EXERCISE:
Please copy out the entries below exactly, beginning with the line that contains "11) rack guard <box>1350,0,1432,39</box>" and ending with the line that contains "34) cardboard box <box>18,1,39,50</box>", and include nothing outside that span.

INPUT RECORDS:
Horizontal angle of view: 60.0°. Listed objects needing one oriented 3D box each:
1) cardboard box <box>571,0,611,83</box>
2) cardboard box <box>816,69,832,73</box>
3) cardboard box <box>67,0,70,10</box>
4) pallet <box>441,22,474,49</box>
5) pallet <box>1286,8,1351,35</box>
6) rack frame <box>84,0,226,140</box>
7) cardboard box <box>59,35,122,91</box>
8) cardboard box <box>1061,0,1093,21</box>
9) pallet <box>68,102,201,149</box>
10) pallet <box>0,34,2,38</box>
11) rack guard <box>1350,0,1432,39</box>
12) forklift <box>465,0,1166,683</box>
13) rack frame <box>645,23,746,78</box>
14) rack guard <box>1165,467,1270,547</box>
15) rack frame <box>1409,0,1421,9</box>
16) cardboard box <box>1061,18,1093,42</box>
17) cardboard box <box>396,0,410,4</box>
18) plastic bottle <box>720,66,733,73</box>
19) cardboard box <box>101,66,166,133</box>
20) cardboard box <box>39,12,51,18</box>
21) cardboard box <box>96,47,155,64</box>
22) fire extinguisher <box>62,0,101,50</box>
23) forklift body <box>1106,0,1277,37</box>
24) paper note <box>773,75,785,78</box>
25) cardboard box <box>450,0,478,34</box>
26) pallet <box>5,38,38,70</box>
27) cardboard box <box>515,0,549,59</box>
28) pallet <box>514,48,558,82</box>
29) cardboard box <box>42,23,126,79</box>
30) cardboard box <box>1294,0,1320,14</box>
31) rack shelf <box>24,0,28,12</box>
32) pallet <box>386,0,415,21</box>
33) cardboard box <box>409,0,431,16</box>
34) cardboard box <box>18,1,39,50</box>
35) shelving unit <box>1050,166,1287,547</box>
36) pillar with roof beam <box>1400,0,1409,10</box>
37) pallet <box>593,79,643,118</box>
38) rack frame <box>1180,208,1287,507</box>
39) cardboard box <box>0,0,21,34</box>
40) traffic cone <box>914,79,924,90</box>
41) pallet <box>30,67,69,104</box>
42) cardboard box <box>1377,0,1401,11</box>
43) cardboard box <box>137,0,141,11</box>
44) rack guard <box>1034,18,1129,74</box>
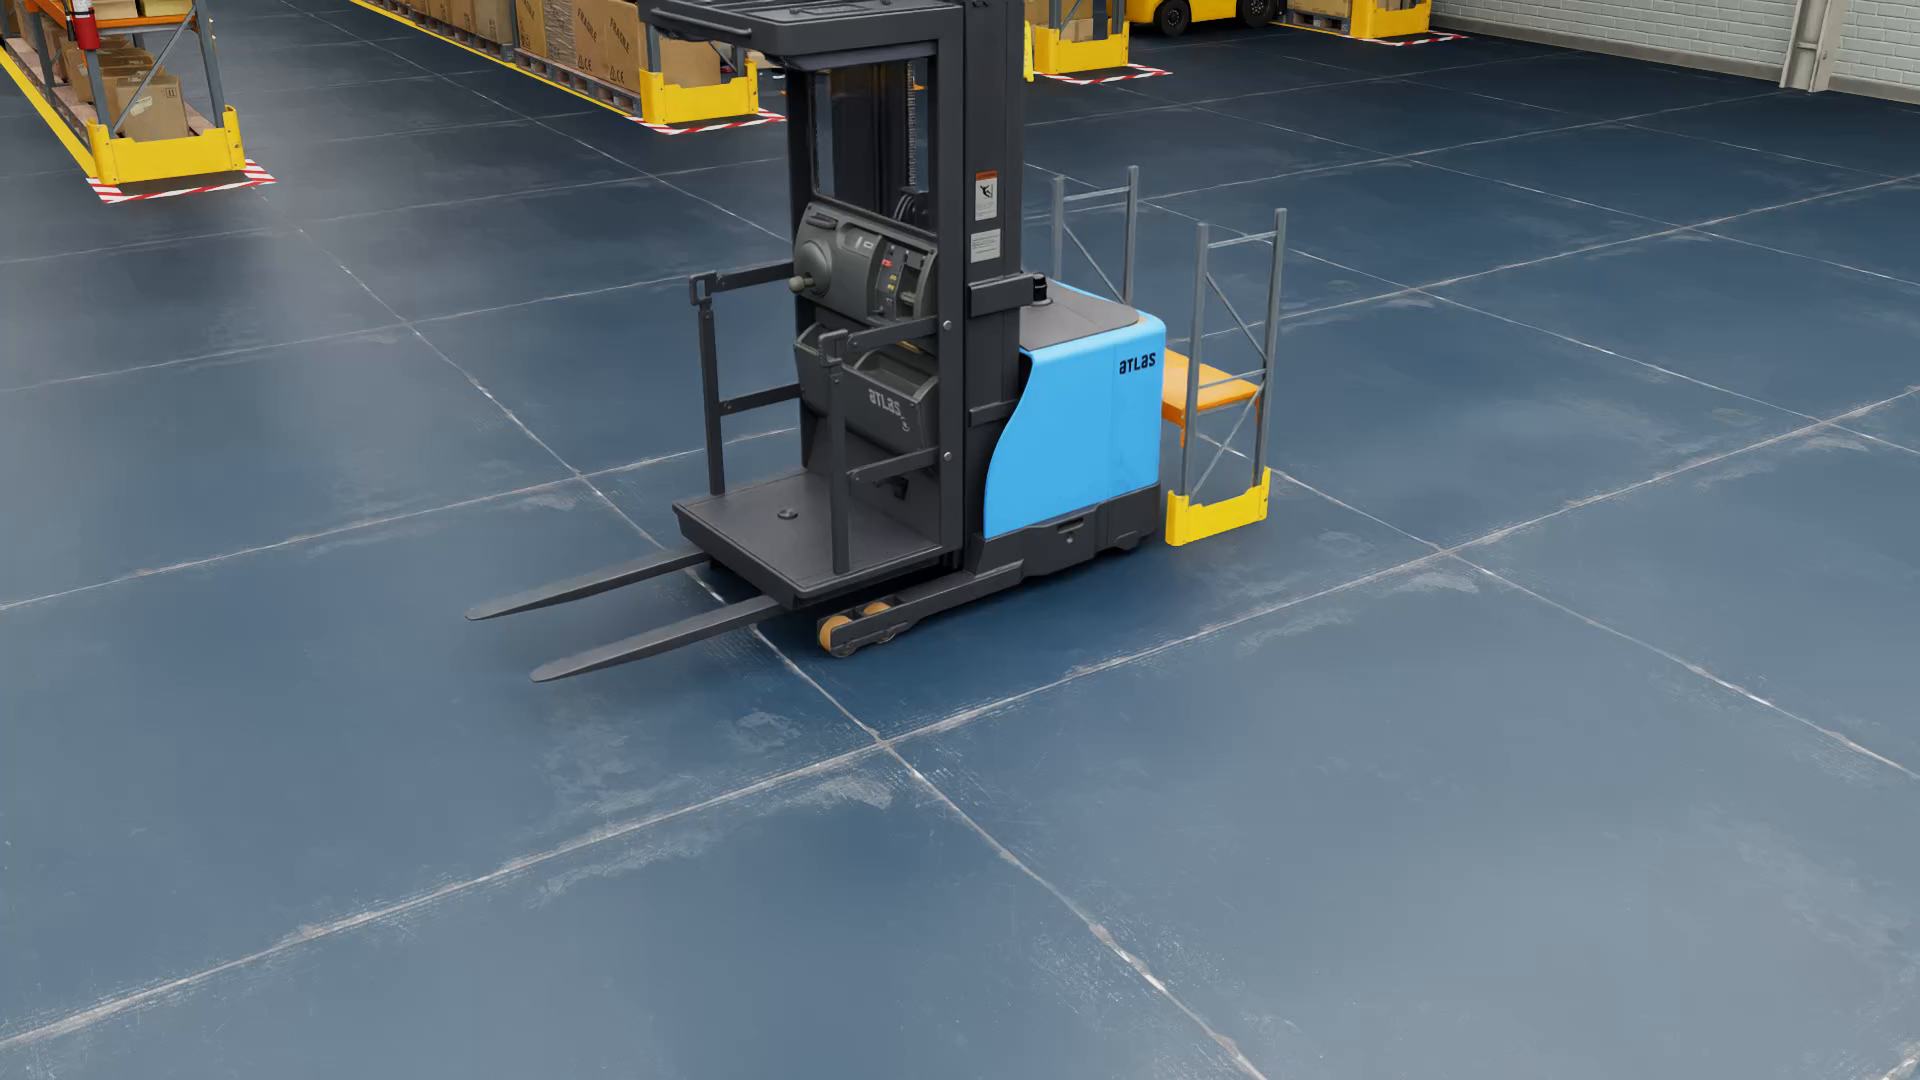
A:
[{"bbox_3d":[-3.539,-5.430,17.736,0.875,0.875,0.875,-16,30,-30],"label":"cardboard box"},{"bbox_3d":[-1.620,-5.759,19.359,0.637,0.503,0.797,7,26,15],"label":"cardboard box"},{"bbox_3d":[-7.487,-4.647,14.374,0.380,0.149,0.250,-16,29,-30],"label":"cardboard box"},{"bbox_3d":[-5.970,-6.524,21.324,1.003,0.211,1.213,-16,29,-30],"label":"pallet"},{"bbox_3d":[5.165,-7.010,22.352,1.003,0.211,1.213,-16,29,-30],"label":"pallet"},{"bbox_3d":[-6.843,-4.540,13.853,1.000,3.000,0.127,-16,29,-30],"label":"rack frame"},{"bbox_3d":[-8.841,-4.878,17.005,0.500,0.500,0.500,-17,30,-31],"label":"cardboard box"},{"bbox_3d":[1.238,-6.496,19.848,0.500,0.500,0.500,-17,30,-31],"label":"cardboard box"},{"bbox_3d":[-7.960,-4.041,16.062,1.003,0.211,1.213,-16,29,-30],"label":"pallet"},{"bbox_3d":[-12.239,-6.876,22.068,1.003,0.211,1.213,-16,29,-30],"label":"pallet"},{"bbox_3d":[5.630,-6.868,21.714,1.175,0.500,0.348,-16,29,-30],"label":"rack guard"},{"bbox_3d":[-0.561,-1.105,6.658,3.031,2.935,1.130,-18,31,-33],"label":"forklift"},{"bbox_3d":[-2.632,-5.660,16.225,1.000,3.000,0.127,-16,29,-30],"label":"rack frame"},{"bbox_3d":[1.212,-0.164,7.802,0.587,0.250,0.087,-16,30,-31],"label":"rack guard"},{"bbox_3d":[5.617,-8.007,21.198,1.000,3.000,0.127,-16,29,-30],"label":"rack frame"},{"bbox_3d":[1.252,-6.149,19.990,0.500,0.250,0.500,-16,30,-30],"label":"cardboard box"},{"bbox_3d":[-7.577,-7.755,23.100,0.500,0.500,0.500,-16,29,-30],"label":"cardboard box"},{"bbox_3d":[-2.640,-5.449,19.221,0.133,0.061,0.283,18,31,33],"label":"plastic bottle"},{"bbox_3d":[-7.524,-4.032,15.214,0.500,0.500,0.500,-8,26,-16],"label":"cardboard box"},{"bbox_3d":[-9.894,-5.639,18.594,0.700,0.500,0.500,-18,31,-34],"label":"cardboard box"},{"bbox_3d":[-8.118,-4.471,16.143,0.500,0.500,0.500,-19,31,-34],"label":"cardboard box"},{"bbox_3d":[-7.166,-4.356,13.555,0.296,0.674,0.183,-16,29,-30],"label":"fire extinguisher"},{"bbox_3d":[3.054,-7.877,21.916,2.313,2.155,1.214,-16,29,-30],"label":"forklift body"},{"bbox_3d":[-2.042,-5.258,18.854,0.144,0.017,0.142,-6,26,-12],"label":"paper note"},{"bbox_3d":[-5.753,-6.810,20.805,1.050,0.750,0.750,-16,29,-30],"label":"cardboard box"},{"bbox_3d":[-10.784,-5.860,19.917,1.003,0.211,1.213,-16,29,-30],"label":"pallet"},{"bbox_3d":[-4.531,-6.078,19.108,0.875,0.875,0.875,-15,29,-29],"label":"cardboard box"},{"bbox_3d":[-4.466,-5.539,19.236,1.003,0.211,1.213,-16,29,-30],"label":"pallet"},{"bbox_3d":[-9.343,-5.264,17.799,0.700,0.500,0.500,-18,31,-33],"label":"cardboard box"},{"bbox_3d":[4.833,-7.228,22.277,0.500,0.250,0.500,-16,29,-30],"label":"cardboard box"},{"bbox_3d":[-10.118,-6.361,18.553,1.077,0.370,4.000,-16,29,-30],"label":"rack shelf"},{"bbox_3d":[-7.424,-7.540,23.474,1.003,0.211,1.213,-16,29,-30],"label":"pallet"},{"bbox_3d":[-6.742,-7.455,22.171,1.050,0.750,0.750,-16,30,-30],"label":"cardboard box"},{"bbox_3d":[-10.514,-6.039,19.442,0.700,0.500,0.500,-18,31,-34],"label":"cardboard box"},{"bbox_3d":[0.933,-0.905,7.909,0.587,1.500,1.083,-16,30,-31],"label":"shelving unit"},{"bbox_3d":[2.385,-10.176,18.765,9.100,9.000,0.400,-16,29,-30],"label":"pillar with roof beam"},{"bbox_3d":[-3.134,-4.666,17.387,1.003,0.211,1.213,-16,29,-30],"label":"pallet"},{"bbox_3d":[1.224,-0.722,7.522,0.500,1.500,0.032,-16,30,-31],"label":"rack frame"},{"bbox_3d":[-11.569,-6.882,20.811,1.225,0.875,0.875,-17,30,-32],"label":"cardboard box"},{"bbox_3d":[-0.599,-5.175,18.170,0.336,0.463,0.334,-16,29,-30],"label":"traffic cone"},{"bbox_3d":[-9.452,-4.988,18.068,1.003,0.211,1.213,-16,29,-30],"label":"pallet"},{"bbox_3d":[5.513,-7.175,22.164,0.500,0.250,0.500,-15,29,-29],"label":"cardboard box"},{"bbox_3d":[-6.919,-4.678,14.439,0.380,0.149,0.250,-16,29,-30],"label":"cardboard box"},{"bbox_3d":[1.419,-5.746,19.336,1.175,0.500,0.348,-16,29,-30],"label":"rack guard"}]

TASK RESPONSE:
11) rack guard <box>1350,0,1432,39</box>
12) forklift <box>465,0,1166,683</box>
13) rack frame <box>645,23,746,78</box>
14) rack guard <box>1165,467,1270,547</box>
15) rack frame <box>1409,0,1421,9</box>
16) cardboard box <box>1061,18,1093,42</box>
17) cardboard box <box>396,0,410,4</box>
18) plastic bottle <box>720,66,733,73</box>
19) cardboard box <box>101,66,166,133</box>
20) cardboard box <box>39,12,51,18</box>
21) cardboard box <box>96,47,155,64</box>
22) fire extinguisher <box>62,0,101,50</box>
23) forklift body <box>1106,0,1277,37</box>
24) paper note <box>773,75,785,78</box>
25) cardboard box <box>450,0,478,34</box>
26) pallet <box>5,38,38,70</box>
27) cardboard box <box>515,0,549,59</box>
28) pallet <box>514,48,558,82</box>
29) cardboard box <box>42,23,126,79</box>
30) cardboard box <box>1294,0,1320,14</box>
31) rack shelf <box>24,0,28,12</box>
32) pallet <box>386,0,415,21</box>
33) cardboard box <box>409,0,431,16</box>
34) cardboard box <box>18,1,39,50</box>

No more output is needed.